Dr. Mullins: Most of our students have used the web already, but what
they don't understand is how to evaluate what they find on the web. Not
that many years ago, when students came to the library, the information
they found had been authenticated and validated by publishers and
selected by librarians. Today, anyone can put up a website, and much of
the information is misleading and inaccurate. What we emphasize with
students is how to evaluate web sites, to know which can be used in a
scholarly paper and what may be questionable or spurious. Of course, we
are also introducing them to the traditional sources as well, the
indices and abstracts that are the first steps in researching a
question. This past year we performed pre- and post-tests to a sample of
our students, to evaluate the effectiveness of the Quest program.
Statistical testing of the results indicated that "significant" learning
took place through Quest.

Fresh@News: How is the program working?

Dr. Mullins: We've been very pleased. As more and more information is
available on the web, we wondered whether people would be less likely to
come to the library. Even with the significant use of digital
resources, in-house use of the library remains very strong. In 1997,
the Falvey Library Homepage had, on the average, three thousand hits per
week. Since then, the Falvey website has, in an average week, had more
than 120,000 hits. At the same time physical attendance, for some
months, has increased by as much as 10% to 15%.

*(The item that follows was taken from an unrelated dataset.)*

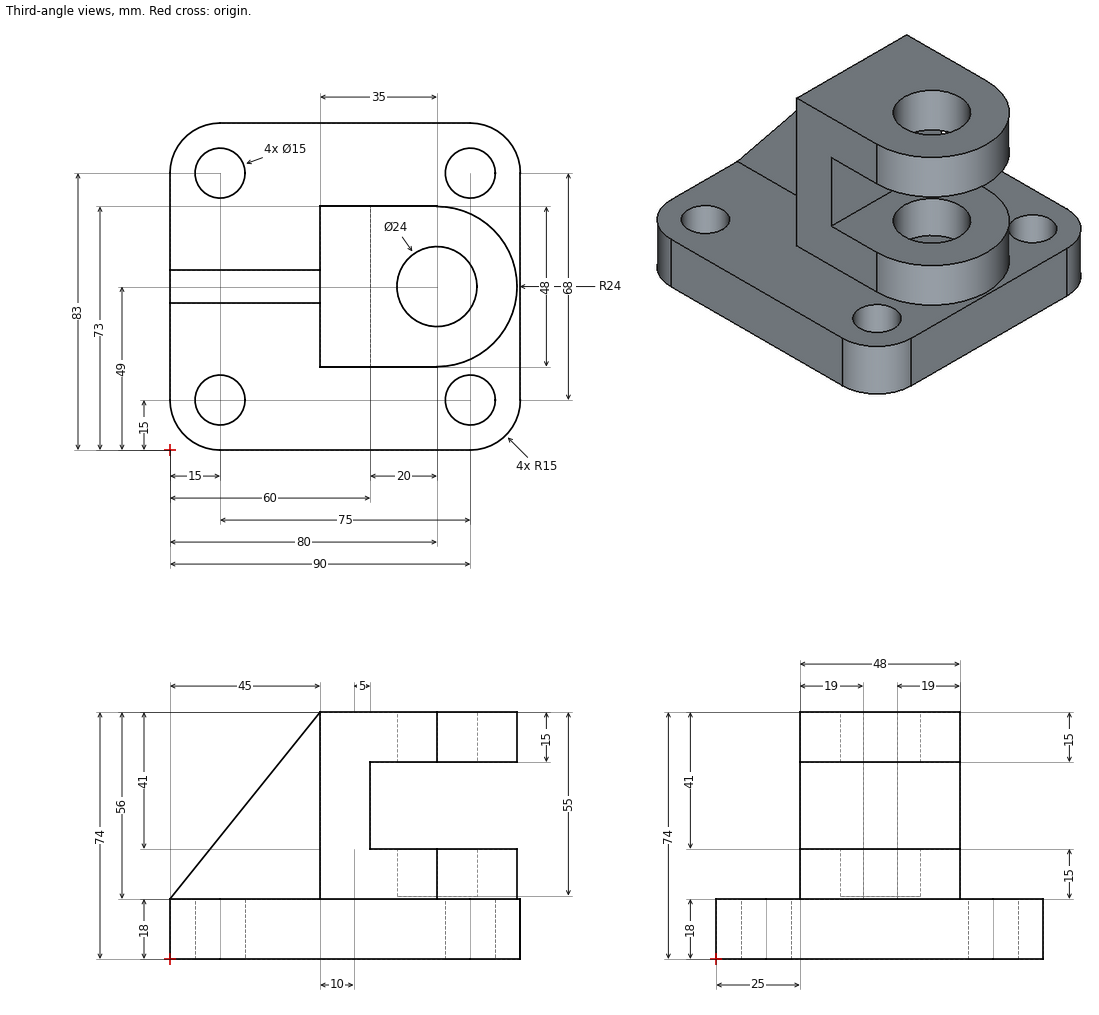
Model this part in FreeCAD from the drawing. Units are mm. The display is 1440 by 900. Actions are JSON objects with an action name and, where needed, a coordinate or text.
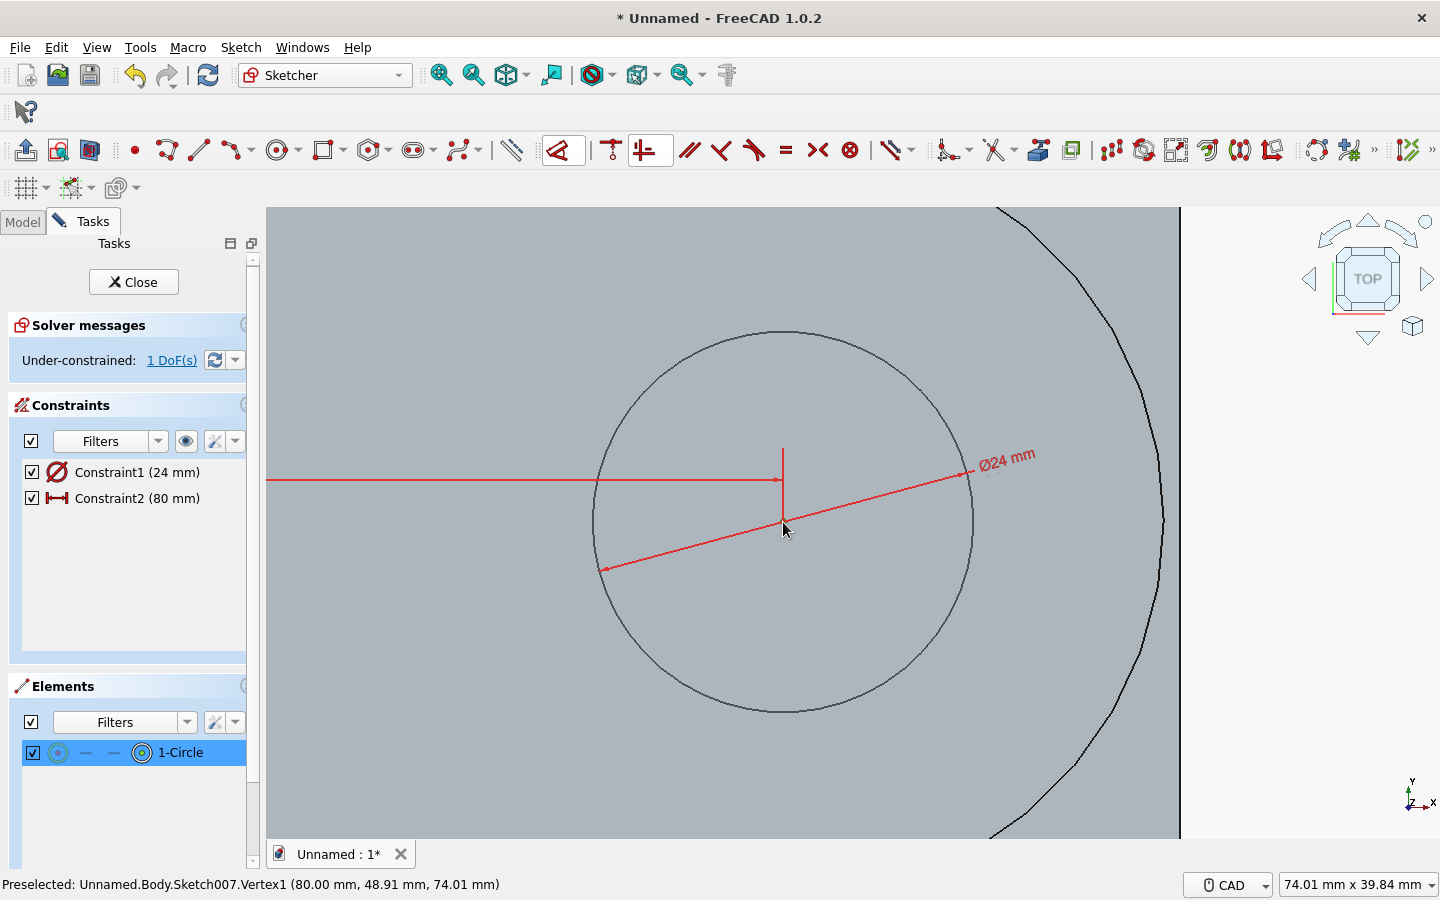
{"action": "left_click", "coordinate": [580, 150]}

Fresh@News: What advice would you give to parents?

Dr. Mullins: First year students do sometimes complain about being
assigned to learn information retrieval skills, because they see this
work as an add-on, rather than part of their regular course work. Tell
them to be patient; once they start doing more papers they will be glad
they have these skills. The research skills they are learning now will
prepare them for the courses they will be taking while at Villanova and
also for graduate school or for their chosen careers. Companies are
looking for employees who are problem solvers, who can identify a
problem, explore solutions, locate information and develop a creative
approach to the problem. Excellent information-seeking and evaluation
skills are imperative. I invite all parents and friends to visit the
Falvey Library web site at www.library.villanova.edu. On the Falvey
Homepage you can look at the Quest tutorial and the many other
information resources available. Unfortunately, the subscription
databases are only available to our students, staff, and faculty, not to
the wider community, but we have links to many other powerful
information sources selected by our librarians.